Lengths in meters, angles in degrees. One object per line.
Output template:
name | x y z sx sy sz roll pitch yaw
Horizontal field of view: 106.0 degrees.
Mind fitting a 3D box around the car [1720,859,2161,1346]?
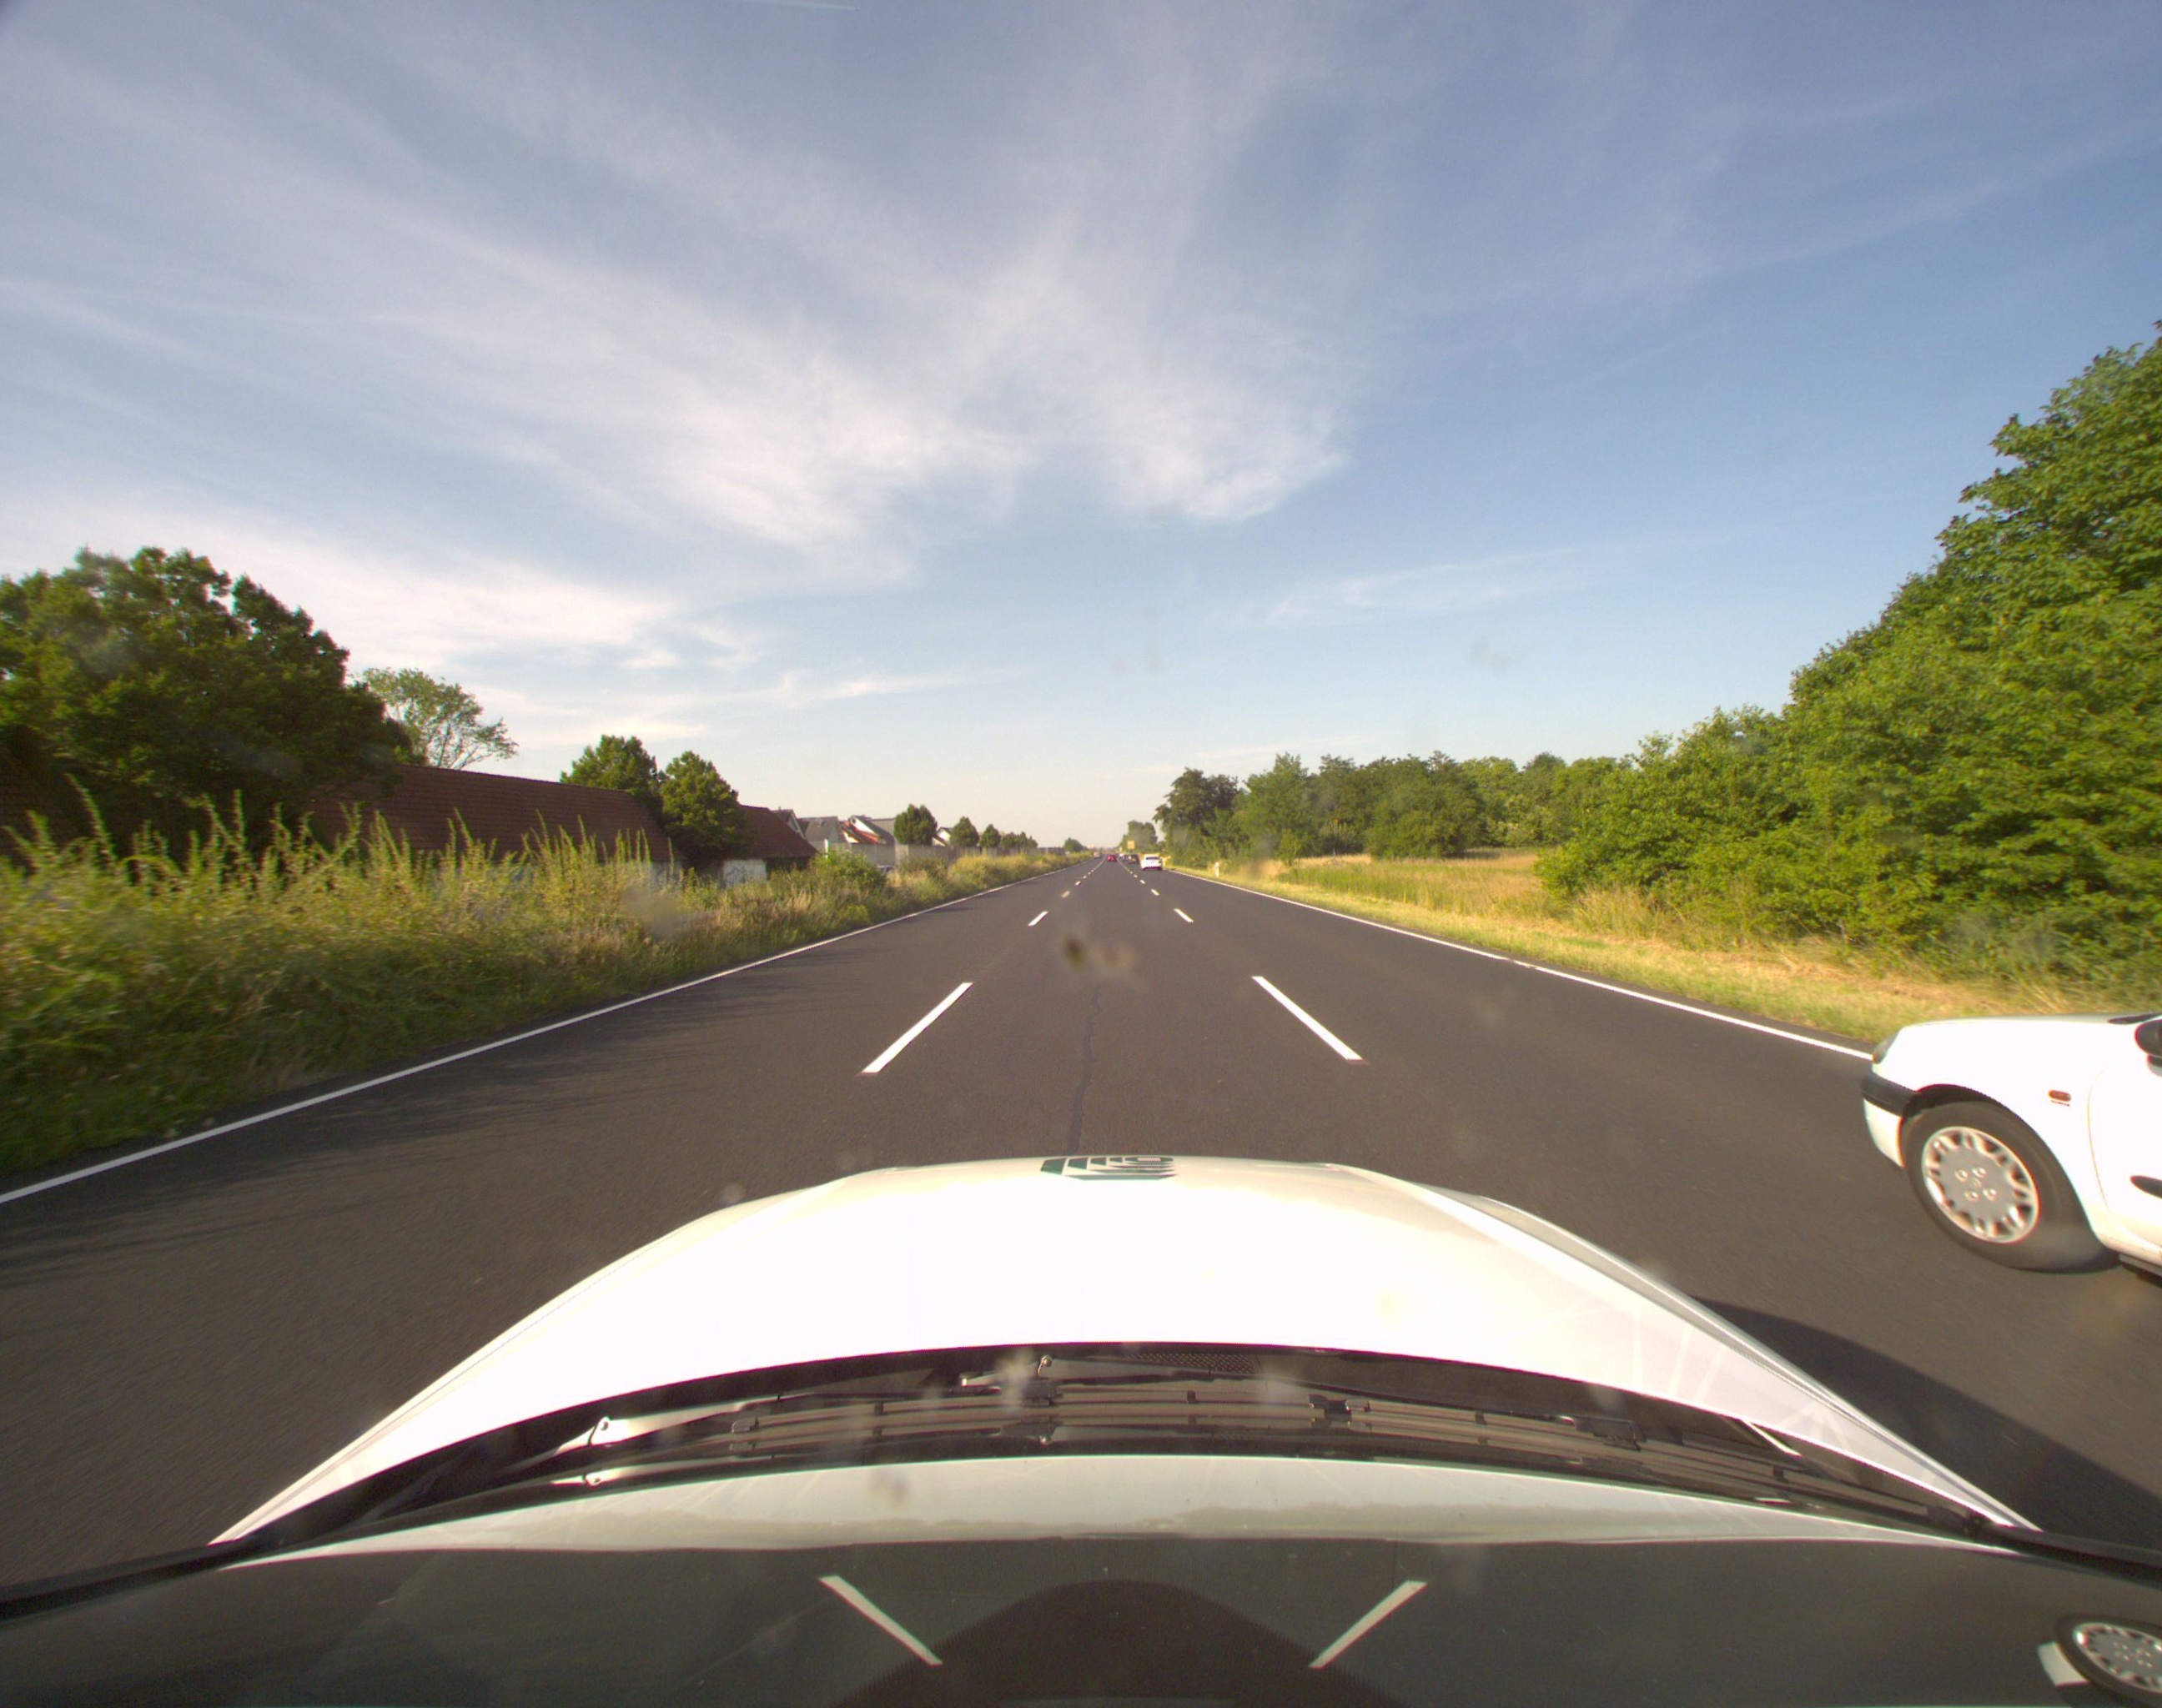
car | 3.935 0.720 2.041 1.611 1.387 3.952 -1 -1 1

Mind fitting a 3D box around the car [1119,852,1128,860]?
car | 9.009 0.486 172.159 1.827 1.717 3.864 -1 -1 2

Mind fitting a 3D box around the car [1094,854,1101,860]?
car | 4.610 0.817 230.097 1.986 1.717 4.002 -1 -1 2

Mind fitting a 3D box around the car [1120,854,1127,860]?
car | 12.693 1.045 242.456 1.840 1.750 4.002 -1 -1 2

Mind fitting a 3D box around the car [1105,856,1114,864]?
car | 5.532 1.148 158.070 1.805 1.436 3.859 -1 -1 1

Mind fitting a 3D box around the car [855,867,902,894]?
car | -12.381 1.610 50.053 1.682 1.508 4.187 -1 -1 2

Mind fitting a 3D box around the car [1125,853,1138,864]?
car | 7.937 0.760 128.171 1.821 1.728 4.001 -1 -1 2

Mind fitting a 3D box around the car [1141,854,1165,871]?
car | 6.662 0.771 75.586 1.986 1.516 4.002 -1 -1 2

Exercise requirements: Tally the lines of the data that hold the string "degrees". Answer with the number and nothing more.

Output below: 2